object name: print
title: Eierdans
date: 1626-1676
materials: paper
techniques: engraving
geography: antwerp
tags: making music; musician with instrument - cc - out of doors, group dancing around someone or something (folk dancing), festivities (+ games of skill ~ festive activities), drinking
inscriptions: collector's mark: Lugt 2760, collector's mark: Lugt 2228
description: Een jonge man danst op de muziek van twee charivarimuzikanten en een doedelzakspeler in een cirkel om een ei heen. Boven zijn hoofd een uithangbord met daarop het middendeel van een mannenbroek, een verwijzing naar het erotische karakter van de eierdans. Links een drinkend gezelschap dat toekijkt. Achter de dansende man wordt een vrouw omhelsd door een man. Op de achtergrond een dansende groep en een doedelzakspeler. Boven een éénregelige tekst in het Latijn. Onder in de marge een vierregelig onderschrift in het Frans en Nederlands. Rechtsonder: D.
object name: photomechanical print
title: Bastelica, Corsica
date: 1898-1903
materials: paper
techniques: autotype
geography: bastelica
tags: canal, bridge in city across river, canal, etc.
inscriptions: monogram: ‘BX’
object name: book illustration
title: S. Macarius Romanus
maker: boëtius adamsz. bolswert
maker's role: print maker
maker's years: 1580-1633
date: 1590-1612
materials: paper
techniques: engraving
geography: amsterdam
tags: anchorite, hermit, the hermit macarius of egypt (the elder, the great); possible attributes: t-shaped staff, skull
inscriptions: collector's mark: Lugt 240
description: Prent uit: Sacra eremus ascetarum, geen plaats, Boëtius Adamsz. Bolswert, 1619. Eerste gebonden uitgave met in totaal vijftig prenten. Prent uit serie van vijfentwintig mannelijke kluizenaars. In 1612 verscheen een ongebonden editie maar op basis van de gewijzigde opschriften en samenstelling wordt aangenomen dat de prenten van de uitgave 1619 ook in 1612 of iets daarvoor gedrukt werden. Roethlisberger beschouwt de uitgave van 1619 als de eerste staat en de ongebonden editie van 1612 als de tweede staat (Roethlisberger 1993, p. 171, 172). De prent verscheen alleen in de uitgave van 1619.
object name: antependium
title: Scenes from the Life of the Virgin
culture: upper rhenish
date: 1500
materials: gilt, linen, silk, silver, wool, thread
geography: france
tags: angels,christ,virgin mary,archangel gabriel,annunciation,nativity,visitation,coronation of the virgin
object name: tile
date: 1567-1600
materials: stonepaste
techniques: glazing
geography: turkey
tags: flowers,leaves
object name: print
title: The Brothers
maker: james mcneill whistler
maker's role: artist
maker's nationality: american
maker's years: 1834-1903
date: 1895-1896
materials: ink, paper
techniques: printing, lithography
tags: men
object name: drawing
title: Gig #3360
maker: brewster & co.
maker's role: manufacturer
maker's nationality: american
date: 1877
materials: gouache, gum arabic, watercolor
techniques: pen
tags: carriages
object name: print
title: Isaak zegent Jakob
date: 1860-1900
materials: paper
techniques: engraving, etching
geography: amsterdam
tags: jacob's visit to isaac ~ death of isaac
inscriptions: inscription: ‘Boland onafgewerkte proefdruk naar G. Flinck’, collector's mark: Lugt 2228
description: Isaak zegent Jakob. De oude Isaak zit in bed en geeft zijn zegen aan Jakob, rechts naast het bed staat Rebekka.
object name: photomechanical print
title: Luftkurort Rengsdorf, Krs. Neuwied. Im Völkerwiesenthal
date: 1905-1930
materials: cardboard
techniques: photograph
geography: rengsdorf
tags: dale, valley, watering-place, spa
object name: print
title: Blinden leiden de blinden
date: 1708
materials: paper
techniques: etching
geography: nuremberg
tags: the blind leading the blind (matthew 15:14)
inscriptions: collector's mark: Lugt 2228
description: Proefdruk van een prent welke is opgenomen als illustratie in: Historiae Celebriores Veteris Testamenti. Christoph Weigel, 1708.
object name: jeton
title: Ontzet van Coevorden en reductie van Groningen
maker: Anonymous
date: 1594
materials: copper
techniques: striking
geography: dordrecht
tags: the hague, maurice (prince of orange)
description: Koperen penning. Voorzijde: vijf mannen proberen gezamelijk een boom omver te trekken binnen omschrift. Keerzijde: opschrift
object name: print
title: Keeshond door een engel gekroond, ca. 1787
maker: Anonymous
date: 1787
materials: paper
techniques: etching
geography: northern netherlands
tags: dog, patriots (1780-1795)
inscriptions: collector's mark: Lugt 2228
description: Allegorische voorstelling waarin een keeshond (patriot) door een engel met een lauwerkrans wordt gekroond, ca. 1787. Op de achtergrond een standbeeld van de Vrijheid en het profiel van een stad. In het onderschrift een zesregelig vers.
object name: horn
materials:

===============

[YOUR TASK]
Restate the entries. Match them exactly.

[TASK RESPONSE]
object name: print
title: Eierdans
date: 1626-1676
materials: paper
techniques: engraving
geography: antwerp
tags: making music; musician with instrument - cc - out of doors, group dancing around someone or something (folk dancing), festivities (+ games of skill ~ festive activities), drinking
inscriptions: collector's mark: Lugt 2760, collector's mark: Lugt 2228
description: Een jonge man danst op de muziek van twee charivarimuzikanten en een doedelzakspeler in een cirkel om een ei heen. Boven zijn hoofd een uithangbord met daarop het middendeel van een mannenbroek, een verwijzing naar het erotische karakter van de eierdans. Links een drinkend gezelschap dat toekijkt. Achter de dansende man wordt een vrouw omhelsd door een man. Op de achtergrond een dansende groep en een doedelzakspeler. Boven een éénregelige tekst in het Latijn. Onder in de marge een vierregelig onderschrift in het Frans en Nederlands. Rechtsonder: D.
object name: photomechanical print
title: Bastelica, Corsica
date: 1898-1903
materials: paper
techniques: autotype
geography: bastelica
tags: canal, bridge in city across river, canal, etc.
inscriptions: monogram: ‘BX’
object name: book illustration
title: S. Macarius Romanus
maker: boëtius adamsz. bolswert
maker's role: print maker
maker's years: 1580-1633
date: 1590-1612
materials: paper
techniques: engraving
geography: amsterdam
tags: anchorite, hermit, the hermit macarius of egypt (the elder, the great); possible attributes: t-shaped staff, skull
inscriptions: collector's mark: Lugt 240
description: Prent uit: Sacra eremus ascetarum, geen plaats, Boëtius Adamsz. Bolswert, 1619. Eerste gebonden uitgave met in totaal vijftig prenten. Prent uit serie van vijfentwintig mannelijke kluizenaars. In 1612 verscheen een ongebonden editie maar op basis van de gewijzigde opschriften en samenstelling wordt aangenomen dat de prenten van de uitgave 1619 ook in 1612 of iets daarvoor gedrukt werden. Roethlisberger beschouwt de uitgave van 1619 als de eerste staat en de ongebonden editie van 1612 als de tweede staat (Roethlisberger 1993, p. 171, 172). De prent verscheen alleen in de uitgave van 1619.
object name: antependium
title: Scenes from the Life of the Virgin
culture: upper rhenish
date: 1500
materials: gilt, linen, silk, silver, wool, thread
geography: france
tags: angels,christ,virgin mary,archangel gabriel,annunciation,nativity,visitation,coronation of the virgin
object name: tile
date: 1567-1600
materials: stonepaste
techniques: glazing
geography: turkey
tags: flowers,leaves
object name: print
title: The Brothers
maker: james mcneill whistler
maker's role: artist
maker's nationality: american
maker's years: 1834-1903
date: 1895-1896
materials: ink, paper
techniques: printing, lithography
tags: men
object name: drawing
title: Gig #3360
maker: brewster & co.
maker's role: manufacturer
maker's nationality: american
date: 1877
materials: gouache, gum arabic, watercolor
techniques: pen
tags: carriages
object name: print
title: Isaak zegent Jakob
date: 1860-1900
materials: paper
techniques: engraving, etching
geography: amsterdam
tags: jacob's visit to isaac ~ death of isaac
inscriptions: inscription: ‘Boland onafgewerkte proefdruk naar G. Flinck’, collector's mark: Lugt 2228
description: Isaak zegent Jakob. De oude Isaak zit in bed en geeft zijn zegen aan Jakob, rechts naast het bed staat Rebekka.
object name: photomechanical print
title: Luftkurort Rengsdorf, Krs. Neuwied. Im Völkerwiesenthal
date: 1905-1930
materials: cardboard
techniques: photograph
geography: rengsdorf
tags: dale, valley, watering-place, spa
object name: print
title: Blinden leiden de blinden
date: 1708
materials: paper
techniques: etching
geography: nuremberg
tags: the blind leading the blind (matthew 15:14)
inscriptions: collector's mark: Lugt 2228
description: Proefdruk van een prent welke is opgenomen als illustratie in: Historiae Celebriores Veteris Testamenti. Christoph Weigel, 1708.
object name: jeton
title: Ontzet van Coevorden en reductie van Groningen
maker: Anonymous
date: 1594
materials: copper
techniques: striking
geography: dordrecht
tags: the hague, maurice (prince of orange)
description: Koperen penning. Voorzijde: vijf mannen proberen gezamelijk een boom omver te trekken binnen omschrift. Keerzijde: opschrift
object name: print
title: Keeshond door een engel gekroond, ca. 1787
maker: Anonymous
date: 1787
materials: paper
techniques: etching
geography: northern netherlands
tags: dog, patriots (1780-1795)
inscriptions: collector's mark: Lugt 2228
description: Allegorische voorstelling waarin een keeshond (patriot) door een engel met een lauwerkrans wordt gekroond, ca. 1787. Op de achtergrond een standbeeld van de Vrijheid en het profiel van een stad. In het onderschrift een zesregelig vers.
object name: horn
materials:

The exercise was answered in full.